Positives work better with them than too many NO s. Yet saying no is important too. Rules and limits need to be defined and stuck too. We can keep the battles against alcohol, smoking, late night parties, responsible behaviour, safety and security alive; while save our energies when it comes to daily brawls.
Trust is the tact. Teenagers want to hear you say that you believe in them. They are all out to impress. They want you to have confidence in their abilities. If you treat them like incompetent beings, they will be. That would hold true for anybody at any age, I would think.

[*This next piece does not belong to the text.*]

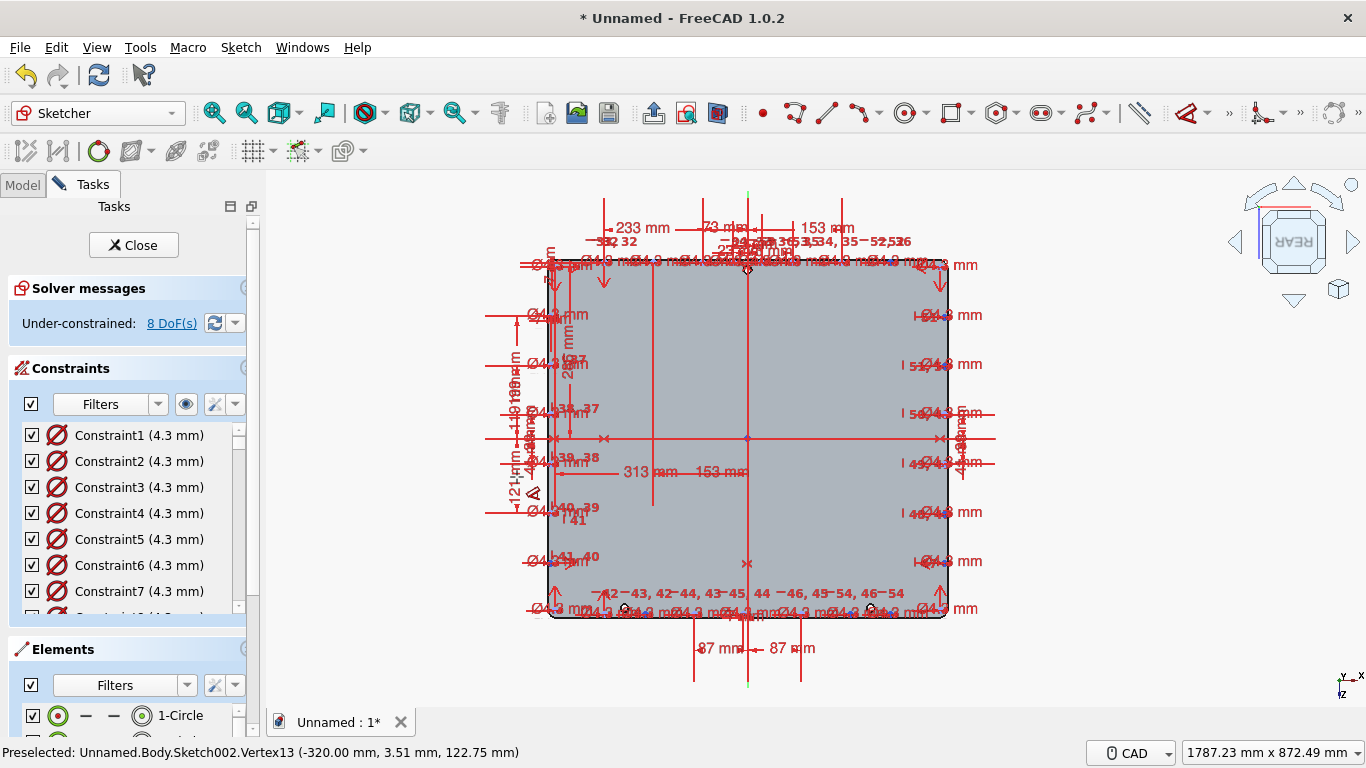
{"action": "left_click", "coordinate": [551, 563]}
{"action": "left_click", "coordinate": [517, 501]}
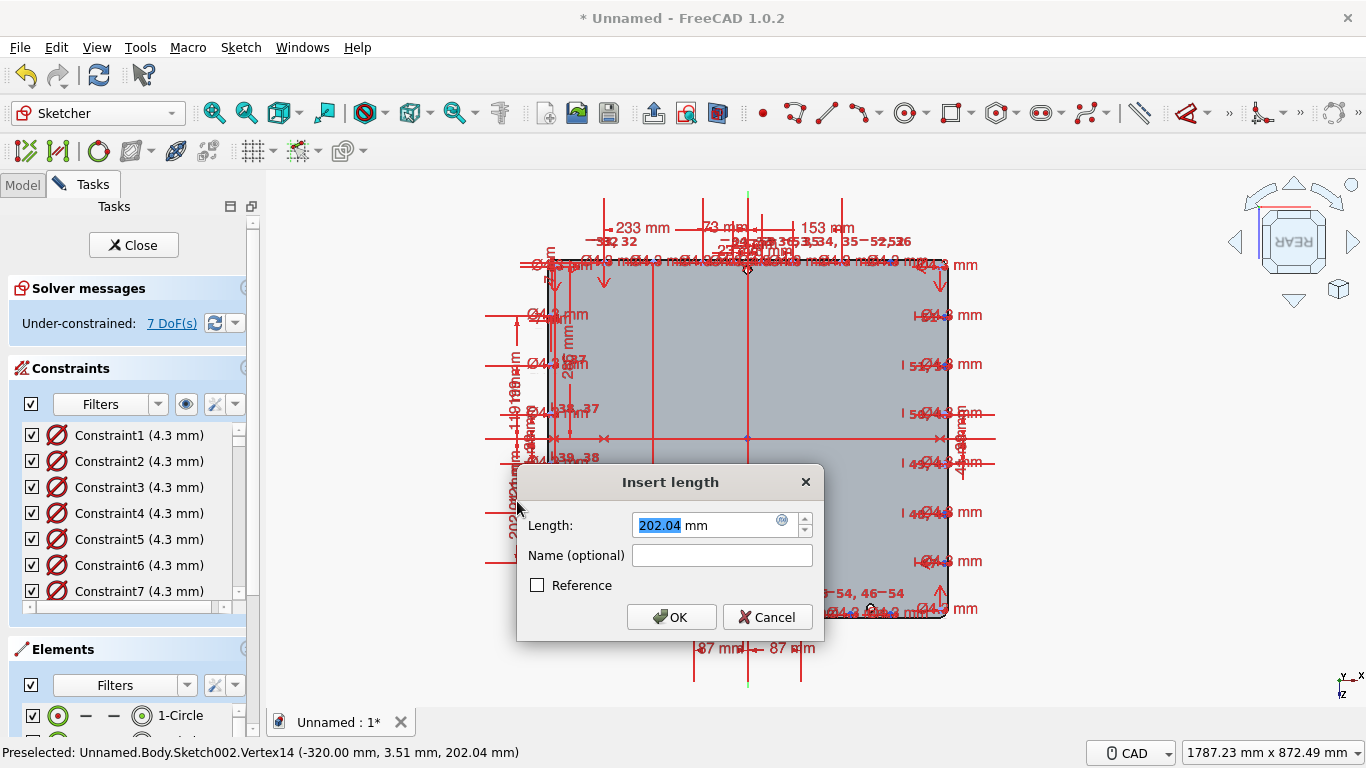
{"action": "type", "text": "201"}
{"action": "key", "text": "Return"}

It is important to show interest in the lives of your teens. Ask relevant questions, not prying ones. Show up at their school events. Do not hate their friends; try not announcing it at least!
Lead by example. Create an environment conducive to discipline and learning at home, if that’s your expectation of them. Do not drink and drive yourself. Follow the rules. Do not speak to house help/staff, rudely. Do not lie. Your children are ‘uncoated’ and honest reflections of your own true self. They can actually help you better yourselves, than the other way round!
‘Rebels without a cause’ need to be handled with patience and pause! Our exaggerated responses only add to the turbulence within them, however real or imagined it may be.
I think it is for each parent to discover what works for them and how they can just about manage to make their kids, their friends for life, or miss out on that opportunity forever!